A friend was in town over the weekend, and just as he left, he said “Hey–we broke up. I wanted to tell you. And I wanted to thank you for always reminding me that it’s okay to be single.”

He’s an old friend, in the awesome little brother category, a smart and sensitive person who’d been trying to make a relationship work. And there was a lot of pressure for him to make it work, because it would turn him into that magical thing our culture loves to celebrate—a married person!

And I’m so happy that my you are significant with or without a significant other mantra was valuable to him. That’s kind of one of my things—one of the things I love to tell people. A couple other things I love to tell people: go to counseling, make your own salad dressing, just about anyone can run a marathon. But I digress.

I love to tell people that it’s okay to be single because so many of my very favorite people are single. And it breaks my heart when they feel like they’re less or half or waiting around for their real lives to start. That’s garbage.

You are significant with or without a significant other. Marriage isn’t like being named prom queen. It’s a partnership, one I love being a part of. But it doesn’t make me more special. It’s not a status symbol.

For whatever set of reasons, our culture loves the Game of Life two-in-the-front-seat way of living. But that’s not the only way. And you’re not less-than for being solo in your car in this season. And I’m so sorry if sometimes you feel that. That’s awful.

Here’s the truth: some of the worst people I know are married. I don’t know how it happens. And some of the truly best people I know are single. I don’t know how that happens, either.

But what I do know is it’s not about the fundamental value of the person in question. Your value is not up for grabs, and certainly your value is not riding on a cultural obsession with romance and tulle and diamonds.

You are significant with or without a significant other.

A few thoughts for my single friends, who I just adore:

Don’t wait for marriage to start your life. Oh, man. My single friends do this so well. I love all the ways that my single friends are living well, with a great sense of adventure and purpose.
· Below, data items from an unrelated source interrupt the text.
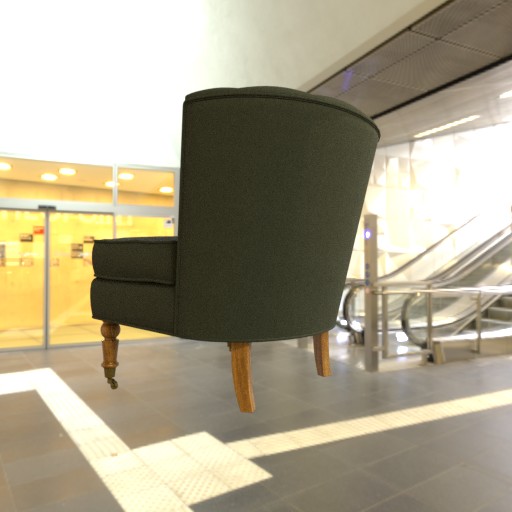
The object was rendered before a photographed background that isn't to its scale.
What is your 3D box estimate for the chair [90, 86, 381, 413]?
[{"bbox_3d":[0.000,0.000,1.342,0.718,0.771,0.740,-1,-1,35],"label":"chair"}]
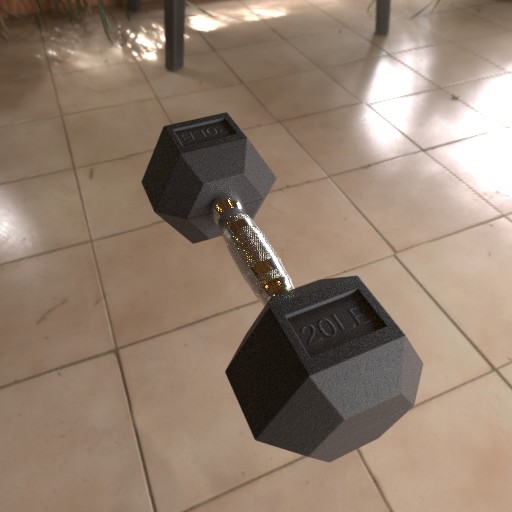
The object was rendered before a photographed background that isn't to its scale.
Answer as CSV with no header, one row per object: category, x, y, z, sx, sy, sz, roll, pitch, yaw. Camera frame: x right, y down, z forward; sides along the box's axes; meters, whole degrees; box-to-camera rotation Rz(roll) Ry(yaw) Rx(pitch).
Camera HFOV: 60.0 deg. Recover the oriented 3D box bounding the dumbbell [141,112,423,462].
dumbbell,0.000,0.000,0.343,0.116,0.101,0.297,-18,49,-16
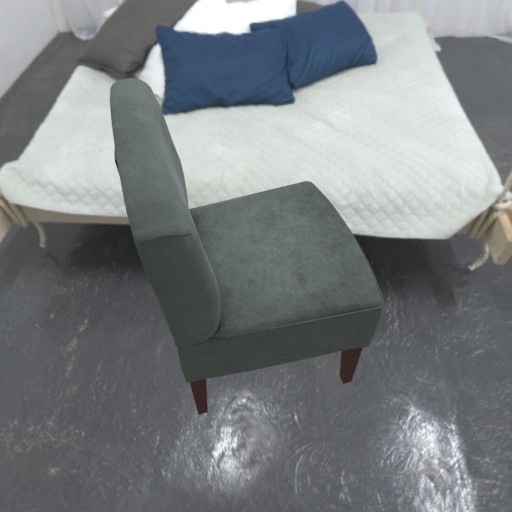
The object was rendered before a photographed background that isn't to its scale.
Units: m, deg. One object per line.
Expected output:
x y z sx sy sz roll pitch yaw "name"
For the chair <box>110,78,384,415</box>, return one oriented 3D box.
0.000 0.000 1.164 0.554 0.806 0.521 -12 49 -11 "chair"
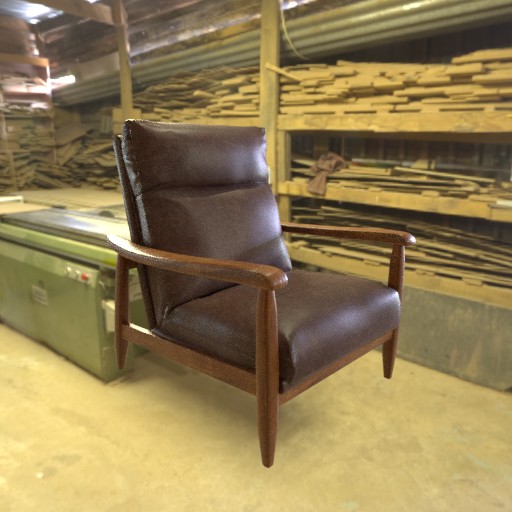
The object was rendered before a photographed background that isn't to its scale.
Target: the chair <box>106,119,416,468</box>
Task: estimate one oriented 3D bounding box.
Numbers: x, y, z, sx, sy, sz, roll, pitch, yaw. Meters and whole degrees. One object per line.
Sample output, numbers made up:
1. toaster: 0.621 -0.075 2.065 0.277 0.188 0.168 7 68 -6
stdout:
1. chair: 0.000 0.000 1.523 0.830 0.897 0.782 13 18 43
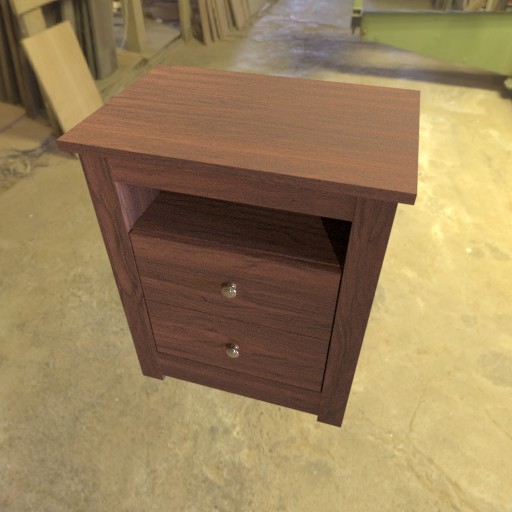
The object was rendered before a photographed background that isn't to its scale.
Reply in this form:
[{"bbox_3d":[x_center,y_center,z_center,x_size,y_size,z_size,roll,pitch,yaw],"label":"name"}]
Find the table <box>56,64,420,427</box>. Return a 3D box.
[{"bbox_3d":[0.000,0.000,1.065,0.589,0.711,0.406,11,42,12],"label":"table"}]
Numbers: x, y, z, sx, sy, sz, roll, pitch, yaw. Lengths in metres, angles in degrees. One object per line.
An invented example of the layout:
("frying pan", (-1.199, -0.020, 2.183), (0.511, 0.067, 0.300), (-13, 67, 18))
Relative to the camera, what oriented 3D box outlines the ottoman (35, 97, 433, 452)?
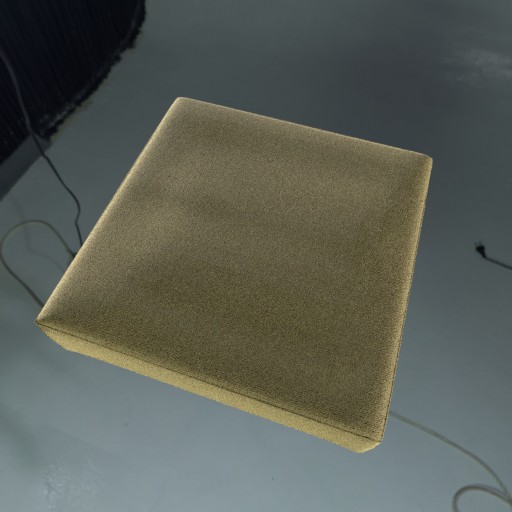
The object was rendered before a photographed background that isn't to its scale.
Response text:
("ottoman", (0.000, 0.000, 1.494), (0.970, 0.378, 0.981), (16, 61, 9))
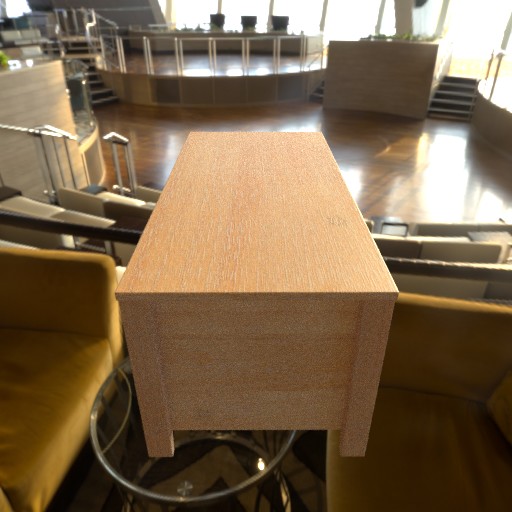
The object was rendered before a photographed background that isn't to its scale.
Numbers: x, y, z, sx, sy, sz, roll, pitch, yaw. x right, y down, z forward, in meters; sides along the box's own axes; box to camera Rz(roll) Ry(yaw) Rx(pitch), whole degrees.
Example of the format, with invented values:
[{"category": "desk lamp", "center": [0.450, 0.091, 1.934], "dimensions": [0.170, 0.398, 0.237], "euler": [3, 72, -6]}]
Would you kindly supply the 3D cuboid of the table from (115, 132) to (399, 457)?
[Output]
[{"category": "table", "center": [0.000, 0.000, 1.304], "dimensions": [0.483, 0.457, 1.016], "euler": [0, 31, 0]}]
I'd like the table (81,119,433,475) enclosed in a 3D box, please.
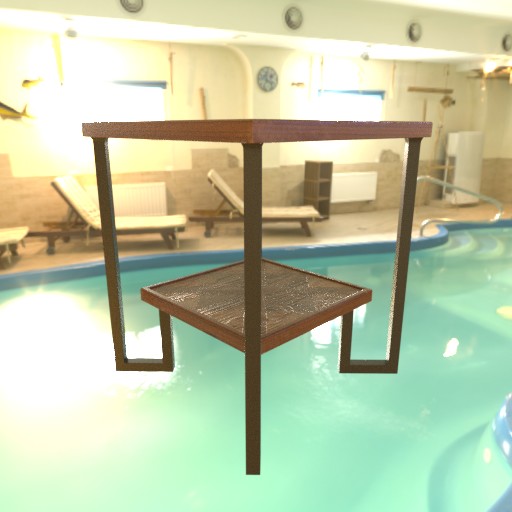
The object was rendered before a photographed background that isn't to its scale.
[{"bbox_3d":[0.000,0.000,0.972,0.503,0.563,0.503,-15,22,-42],"label":"table"}]
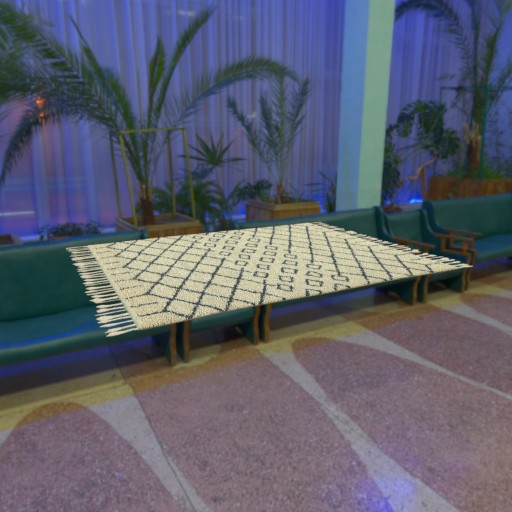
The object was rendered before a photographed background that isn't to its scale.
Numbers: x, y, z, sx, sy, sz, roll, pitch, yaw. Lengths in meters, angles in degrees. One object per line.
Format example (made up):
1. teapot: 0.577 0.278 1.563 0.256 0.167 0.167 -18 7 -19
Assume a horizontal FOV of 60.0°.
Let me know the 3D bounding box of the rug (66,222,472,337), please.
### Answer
1. rug: 0.000 0.000 4.293 3.213 0.030 2.388 -8 17 -26
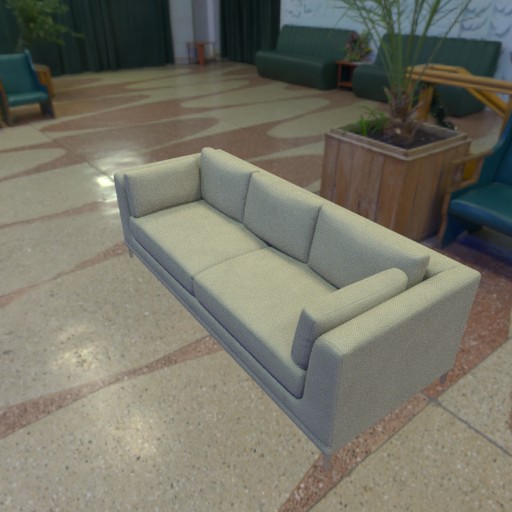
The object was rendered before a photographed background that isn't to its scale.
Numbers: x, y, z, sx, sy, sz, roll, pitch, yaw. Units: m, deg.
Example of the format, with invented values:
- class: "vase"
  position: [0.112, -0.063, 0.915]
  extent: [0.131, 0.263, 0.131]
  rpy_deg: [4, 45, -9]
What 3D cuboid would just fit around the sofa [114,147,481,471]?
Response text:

They’re starting non-profits, traveling the world, creating homes with great style and creativity, contributing to their communities with so much love and honesty.

One of the very worst things about the whole wedding tradition is that we help people set up households when they get married, communicating that homes and nice things are for married people. Why should you have to be married to own a decent knife? Why do we only give married people towels and china? Shouldn’t every person, married or not, have a decent coffee pot? Isn’t that sort of a basic human right?

I remember when a single friend said, listen, I thought I’d be married by now. I thought I’d find that person and we’d buy a house together and buy furniture together. But just because that hasn’t happened, I don’t have to use an upside down milk crate for a nightstand, like I live in a dorm room, do I?

No, dear sister. Grown-ups should have good knives and nightstands and homes that have been created with love and attentiveness. You don’t have to wait for a partner to invest in your space, in yourself, in your life.

At the same time, being single is an opportunity, even if it’s not one you choose. Spend it. Singleness gives you a little more flexibility (unless you’re single parenting, which is a whole different deal, and which means I think you’re absolutely amazing.).

You might not want to be single right now. I get it. But it affords you some freedoms, and you should take them, every single one of them. I’m so proud of my single friends who are traveling like mad and living in interesting places and training for super-time-consuming races and getting fascinating graduate degrees.

Not every season affords this flexibility, and if you have it, grab it. Take it. Use it up. Please don’t wish away this season just because it doesn’t look the way you thought it would. What does singleness afford you? Time to write that book? Space to learn that skill? Flexibility to spend the summer in that dreamy place? Even if it’s not what you wanted, or not what you planned, how can you spend the opportunity you’ve been given in this season?

And while there are moments when you don’t want to be single, please do know that there are those moments when married people don’t want to be married. There are those moments when parents don’t want to be parents. It’s how life is, for all of us.

A thought for my married friends:

Don’t miss out on friendships with amazing people because they’re single and their rhythm of life is different than yours. My single friends add so much to my life. My life would be so much less rich and fun and challenging if I was only around married people. Lame.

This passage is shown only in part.